On the Anniversary of Hurricane Katrina :: New Orleans Will Always Be Home

New Orleans was and will forever be my home. No matter where in the world I may be living, New Orleans will be my home. Some of my closest friends live there. The first house I ever bought was in New Orleans. That’s where I belong. I love New Orleans.

On August 13, 2005, the National Hurricane Advisory Center issued the first advisory for the season’s 11th tropical storm. On August 28, Hurricane Katrina reached a Category 5 status.

Back in 2005, I was living with my parents and brother in Madison, MS. If you draw a line through the state, we would be near the line. My brother received a full scholarship to a few universities, one being the University of New Orleans. 

August 29, 2005 was a warm, clear day. It was sunny with a slight breeze.  The day Hurricane Katrina hit was a pleasant one. Even in central Mississippi, we were bracing for a hit.  All of the local schools were shut down in preparation. My family and I kept checking the weather for updates. The highways were full of evacuees.

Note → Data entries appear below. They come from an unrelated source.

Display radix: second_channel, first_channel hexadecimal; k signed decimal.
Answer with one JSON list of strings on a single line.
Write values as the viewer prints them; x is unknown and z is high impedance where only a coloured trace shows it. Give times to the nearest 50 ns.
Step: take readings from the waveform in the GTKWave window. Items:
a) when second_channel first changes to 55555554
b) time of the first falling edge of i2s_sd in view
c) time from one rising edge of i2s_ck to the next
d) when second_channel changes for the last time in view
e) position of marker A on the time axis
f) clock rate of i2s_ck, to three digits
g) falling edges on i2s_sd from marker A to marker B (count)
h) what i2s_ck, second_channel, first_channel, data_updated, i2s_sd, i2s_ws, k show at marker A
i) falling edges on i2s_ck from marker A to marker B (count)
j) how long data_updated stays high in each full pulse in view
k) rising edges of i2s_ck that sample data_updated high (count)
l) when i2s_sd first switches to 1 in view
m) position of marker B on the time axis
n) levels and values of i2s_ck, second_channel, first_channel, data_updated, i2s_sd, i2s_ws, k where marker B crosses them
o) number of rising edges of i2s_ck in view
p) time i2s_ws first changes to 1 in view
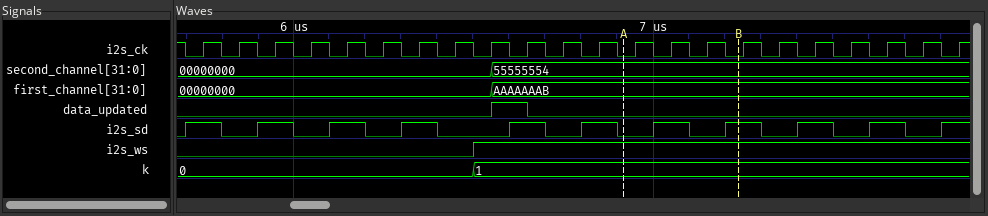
["6550 ns", "5800 ns", "100 ns", "6550 ns", "6900 ns", "10.0 MHz", "1", "i2s_ck=0, second_channel=55555554, first_channel=AAAAAAAB, data_updated=0, i2s_sd=0, i2s_ws=1, k=1", "3", "100 ns", "1", "5700 ns", "7250 ns", "i2s_ck=0, second_channel=55555554, first_channel=AAAAAAAB, data_updated=0, i2s_sd=1, i2s_ws=1, k=1", "22", "6500 ns"]

The stores were empty of supplies.

On television, we watched people evacuate from New Orleans. We saw worried parents go pick up their students in the Big Easy. Tulane University called my dad to ask if he could help them relocate some of their students.

The night Hurricane Katrina was to make landfall, everyone felt uneasy.  So many people decided to stay instead of evacuating but this storm felt different. The electricity in Madison went out so we could not get our updates from the news television channel. (Guys, it was 2005.) We listened to the radio. I sighed a huge sigh of relief when the radio announced that the storm had turned and become weaker. It was now a Category 3. I was still concerned. I had no idea how hard it would be.

The next morning, my family and I rushed to the car to listen to the radio.  We had endless announcements that everywhere nearby was out of water and gas. Our mayor gave a speech.  Then the Mississippi Governor spoke and said southern Mississippi was devastated. More than 60% of single-family dwellings were destroyed or inhabitable in the southern half of Mississippi.  

The news said that New Orleans was flooded. Eighty percent of the city flooded. We were told the levees did not hold and some of the city’s pumps had failed or were not working. They were getting images from the International Space Station showing the devastation. Most of the 350 miles of levees survived the storm. In fact, the levees were built to withstand a Category 3 storm. However, nearly all of the levees that were breached were compromised before the storm due to construction failures.  

We drove to the mall where we watched the evacuations in horror. This was the United States. How could our American citizens be in this position? I was waiting for a huge rescue effort. There were people stranded on roofs waving at the news helicopters for help. The Cajun Navy, a group of concerned Louisiana citizens with boats, organized and began rescuing citizens.

The news showed images of children and the elderly stranded. Some at the Superdome and some at their homes. I can’t imagine what they saw in the water. They showed people stealing televisions. The news showed a former president’s wife saying, “And so many of the people in the arena here, you know, were underprivileged anyway, so this is working very well for them.”

It was such a heart-wrenching disaster.  I wanted to help but I didn’t know how. Those were/are my people but I felt so helpless.

Hurricane Katrina caused more than $125 billion in damages and took the lives of 1,836 people.